(Entries taken from a collection)
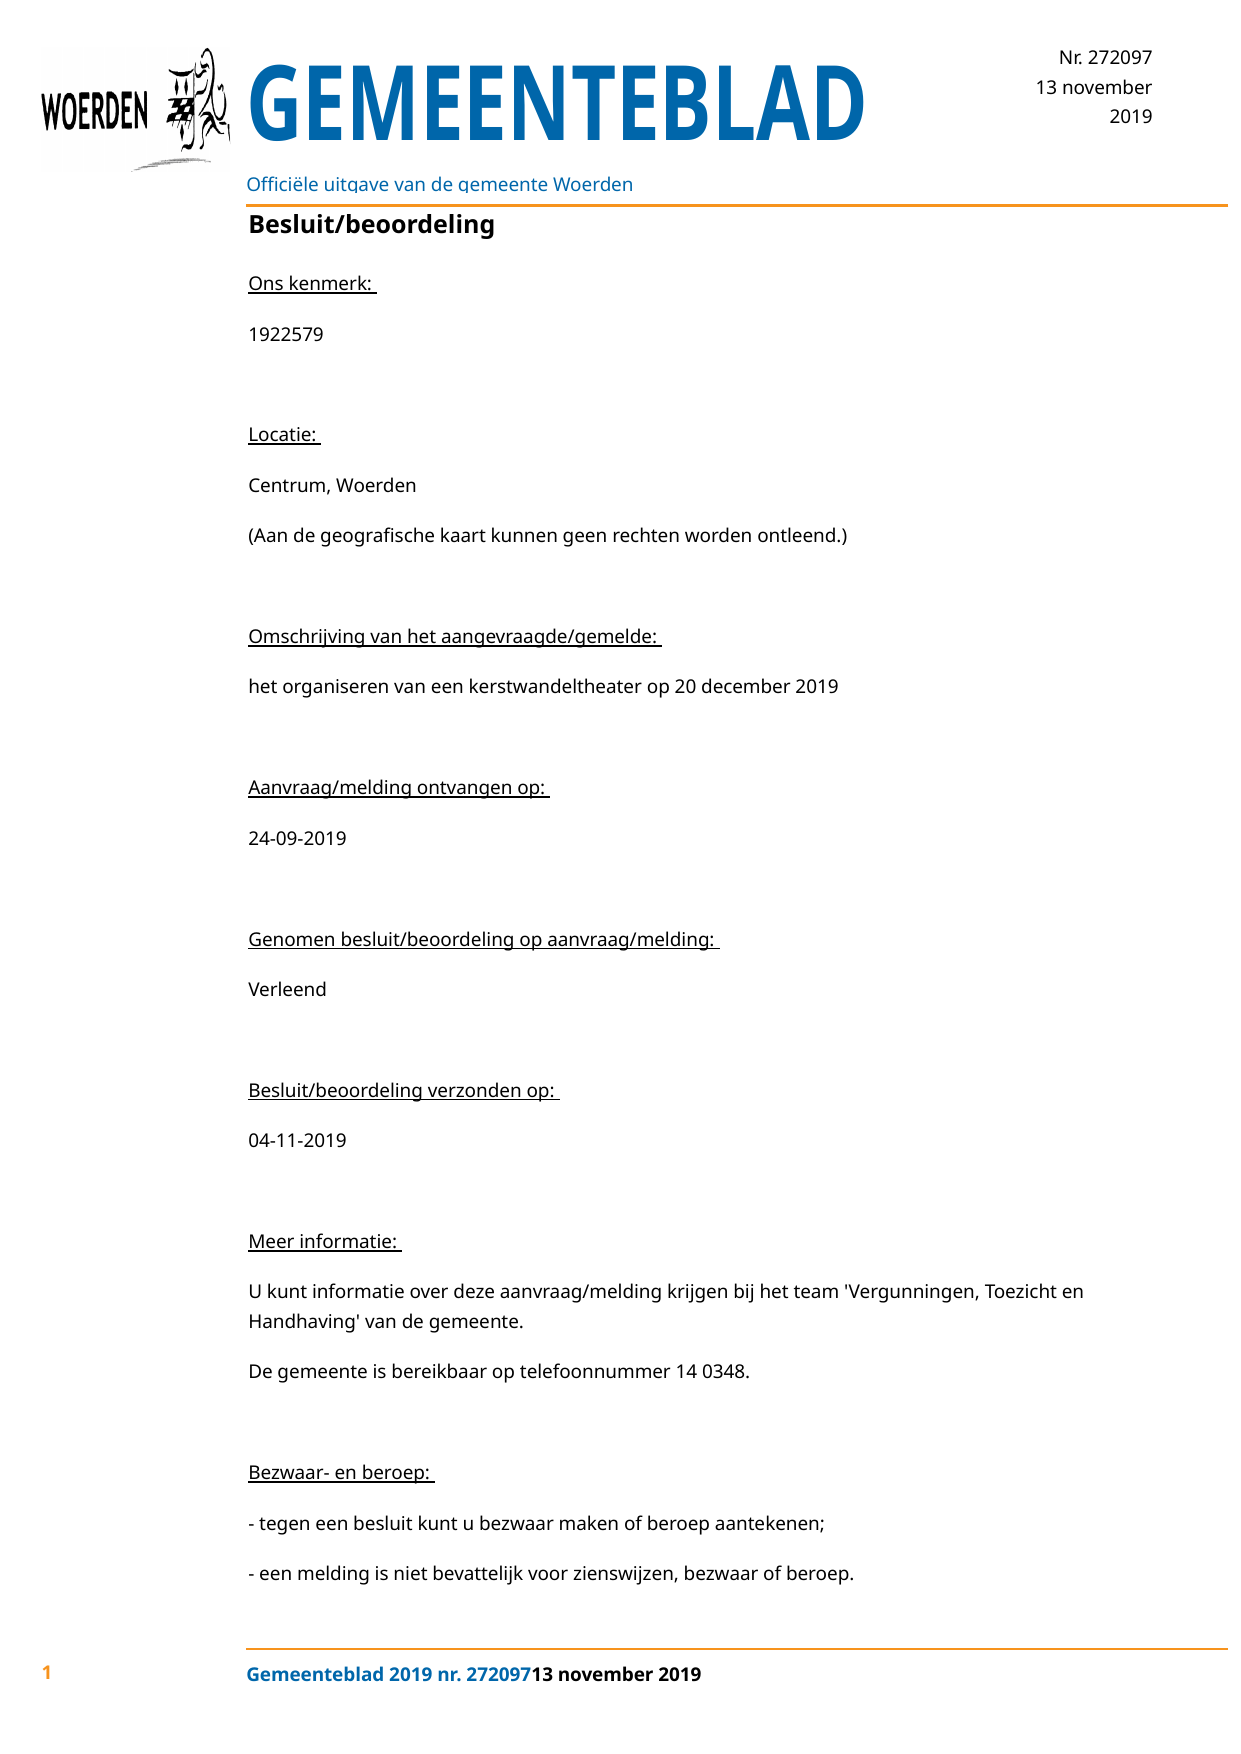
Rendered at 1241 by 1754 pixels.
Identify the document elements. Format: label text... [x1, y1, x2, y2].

picture [41, 47, 231, 172]
text Centrum, Woerden [248, 472, 1152, 498]
text De gemeente is bereikbaar op telefoonnummer 14 0348. [248, 1359, 1152, 1384]
text 04-11-2019 [248, 1127, 1152, 1153]
text Verleend [248, 976, 1152, 1002]
text Genomen besluit/beoordeling op aanvraag/melding: [248, 926, 1152, 951]
text Besluit/beoordeling [248, 207, 1152, 241]
text Besluit/beoordeling verzonden op: [248, 1077, 1152, 1103]
text Omschrijving van het aangevraagde/gemelde: [248, 623, 1152, 649]
text - een melding is niet bevattelijk voor zienswijzen, bezwaar of beroep. [248, 1560, 1152, 1586]
text Ons kenmerk: [248, 270, 1152, 296]
text 24-09-2019 [248, 825, 1152, 851]
text Aanvraag/melding ontvangen op: [248, 774, 1152, 800]
text - tegen een besluit kunt u bezwaar maken of beroep aantekenen; [248, 1510, 1152, 1536]
text Meer informatie: [248, 1228, 1152, 1254]
text (Aan de geografische kaart kunnen geen rechten worden ontleend.) [248, 522, 1152, 548]
text Bezwaar- en beroep: [248, 1459, 1152, 1485]
text U kunt informatie over deze aanvraag/melding krijgen bij het team 'Vergunningen, Toezicht en Handhaving' van de gemeente. [248, 1279, 1152, 1334]
text 1922579 [248, 321, 1152, 346]
text Locatie: [248, 422, 1152, 447]
text het organiseren van een kerstwandeltheater op 20 december 2019 [248, 674, 1152, 699]
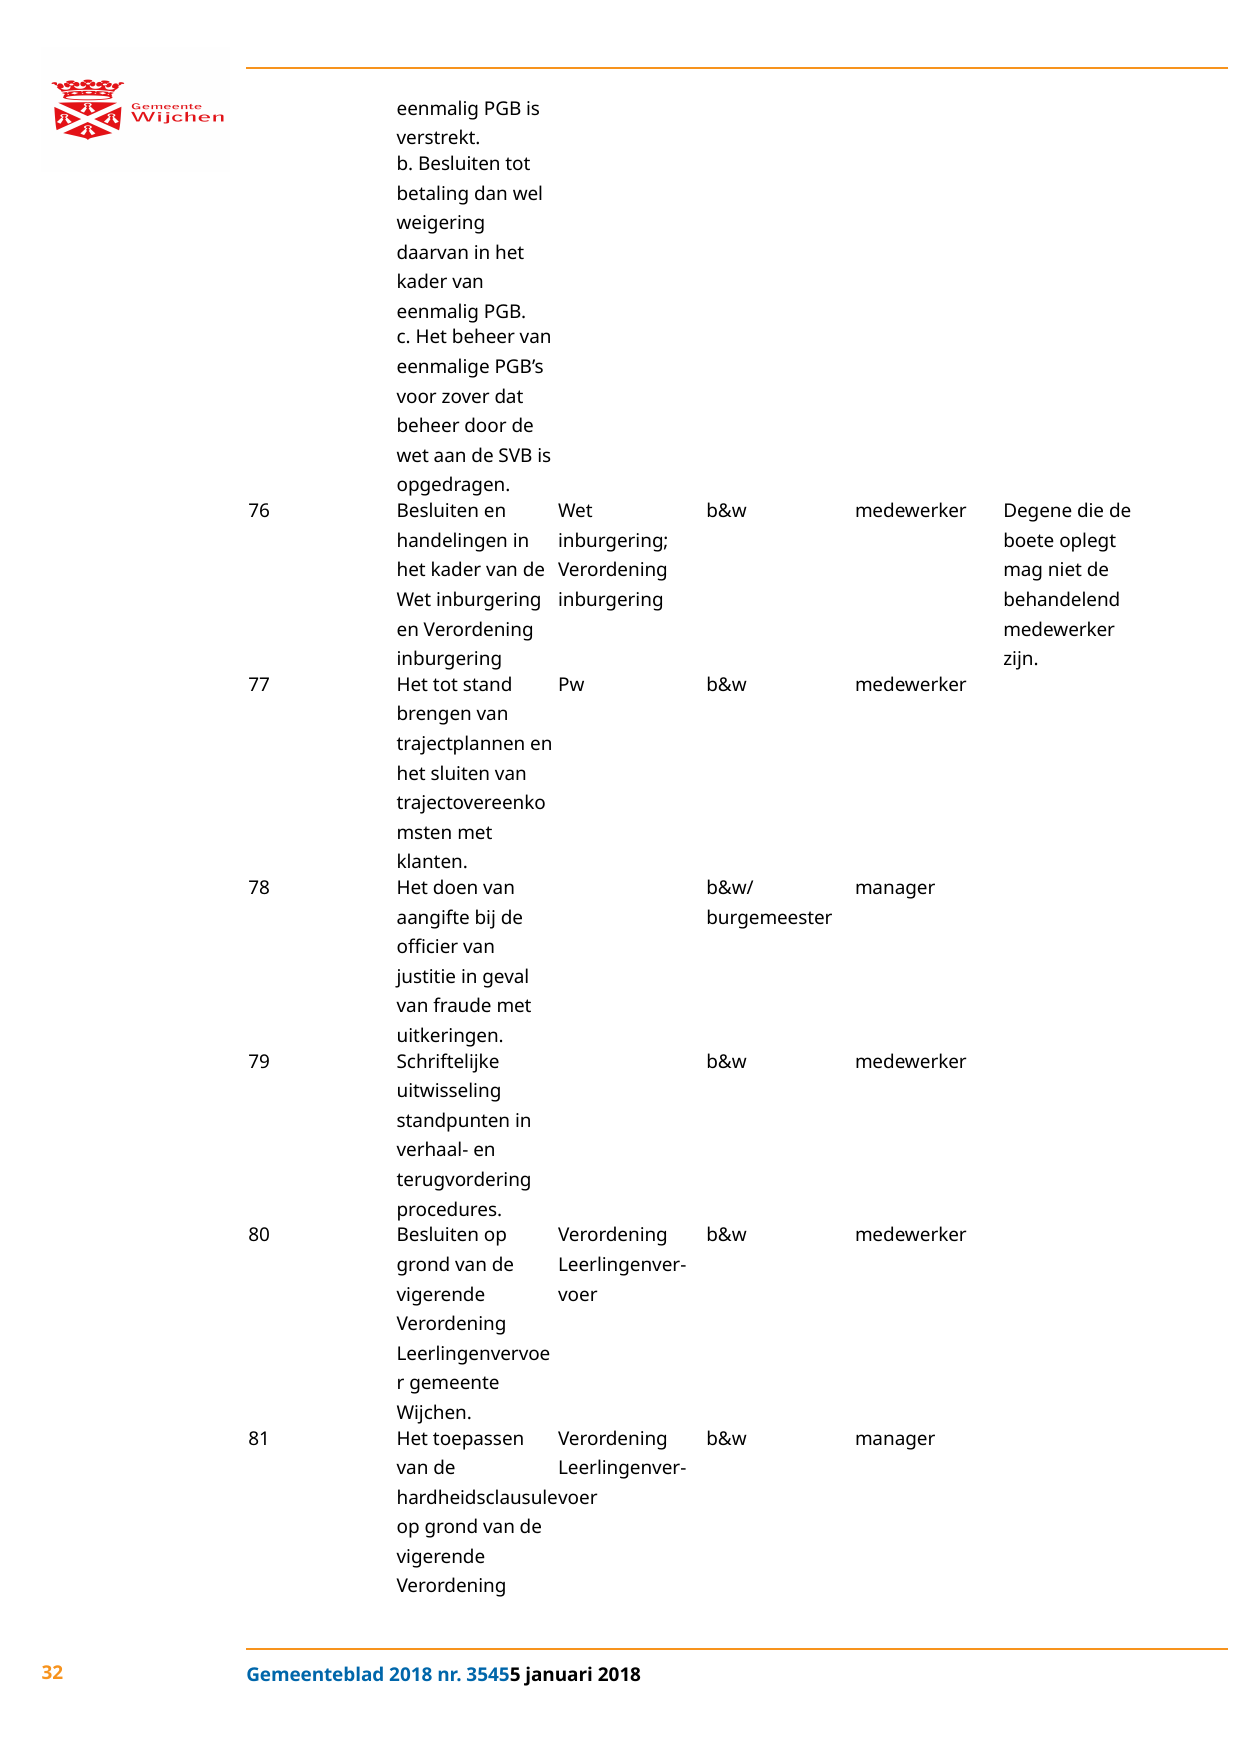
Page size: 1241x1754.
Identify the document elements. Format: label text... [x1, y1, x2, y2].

table_cell [558, 95, 706, 150]
table_cell b&w [706, 498, 855, 671]
table_cell [855, 324, 1003, 497]
table_cell [558, 150, 706, 324]
table_cell b&w [706, 1425, 855, 1598]
table_cell [1003, 324, 1152, 497]
table_cell [248, 95, 396, 150]
table_cell Verordening Leerlingenver-voer [558, 1425, 706, 1598]
table_cell b. Besluiten tot betaling dan wel weigering daarvan in het kader van eenmalig PGB. [396, 150, 558, 324]
table_cell medewerker [855, 671, 1003, 874]
table_cell [1003, 874, 1152, 1048]
table_cell b&w [706, 671, 855, 874]
table_cell medewerker [855, 1048, 1003, 1222]
table_cell Pw [558, 671, 706, 874]
table_cell manager [855, 874, 1003, 1048]
table_cell Besluiten en handelingen in het kader van de Wet inburgering en Verordening inburgering [396, 498, 558, 671]
table_cell [1003, 671, 1152, 874]
table_cell 76 [248, 498, 396, 671]
table_cell medewerker [855, 1222, 1003, 1425]
table_cell 78 [248, 874, 396, 1048]
table_cell [558, 1048, 706, 1222]
table_cell [558, 874, 706, 1048]
table_cell [248, 324, 396, 497]
table_cell Verordening Leerlingenver-voer [558, 1222, 706, 1425]
table_cell 79 [248, 1048, 396, 1222]
table_cell Het toepassen van de hardheidsclausule op grond van de vigerende Verordening [396, 1425, 558, 1598]
table_cell manager [855, 1425, 1003, 1598]
picture [41, 47, 231, 172]
table_cell [1003, 1048, 1152, 1222]
table_cell [1003, 150, 1152, 324]
table_cell Schriftelijke uitwisseling standpunten in verhaal- en terugvordering procedures. [396, 1048, 558, 1222]
table_cell b&w [706, 1222, 855, 1425]
table_cell eenmalig PGB is verstrekt. [396, 95, 558, 150]
table_cell Degene die de boete oplegt mag niet de behandelend medewerker zijn. [1003, 498, 1152, 671]
table_cell [248, 150, 396, 324]
table_cell [855, 95, 1003, 150]
table_cell [706, 324, 855, 497]
table_cell Besluiten op grond van de vigerende Verordening Leerlingenvervoer gemeente Wijchen. [396, 1222, 558, 1425]
table_cell Het doen van aangifte bij de officier van justitie in geval van fraude met uitkeringen. [396, 874, 558, 1048]
table_cell [1003, 1222, 1152, 1425]
table_cell [1003, 1425, 1152, 1598]
table_cell Wet inburgering; Verordening inburgering [558, 498, 706, 671]
table_cell medewerker [855, 498, 1003, 671]
table_cell [1003, 95, 1152, 150]
table_cell [706, 95, 855, 150]
table_cell 77 [248, 671, 396, 874]
table_cell [558, 324, 706, 497]
table_cell Het tot stand brengen van trajectplannen en het sluiten van trajectovereenkomsten met klanten. [396, 671, 558, 874]
table_cell 80 [248, 1222, 396, 1425]
table_cell b&w/burgemeester [706, 874, 855, 1048]
table_cell b&w [706, 1048, 855, 1222]
table_cell c. Het beheer van eenmalige PGB’s voor zover dat beheer door de wet aan de SVB is opgedragen. [396, 324, 558, 497]
table_cell [855, 150, 1003, 324]
table_cell 81 [248, 1425, 396, 1598]
table_cell [706, 150, 855, 324]

WHAT THE EXERCISE ASKS – Across the data above, how many lines include the word "kunt"? Give only the count.

RESPONSE AREA – 2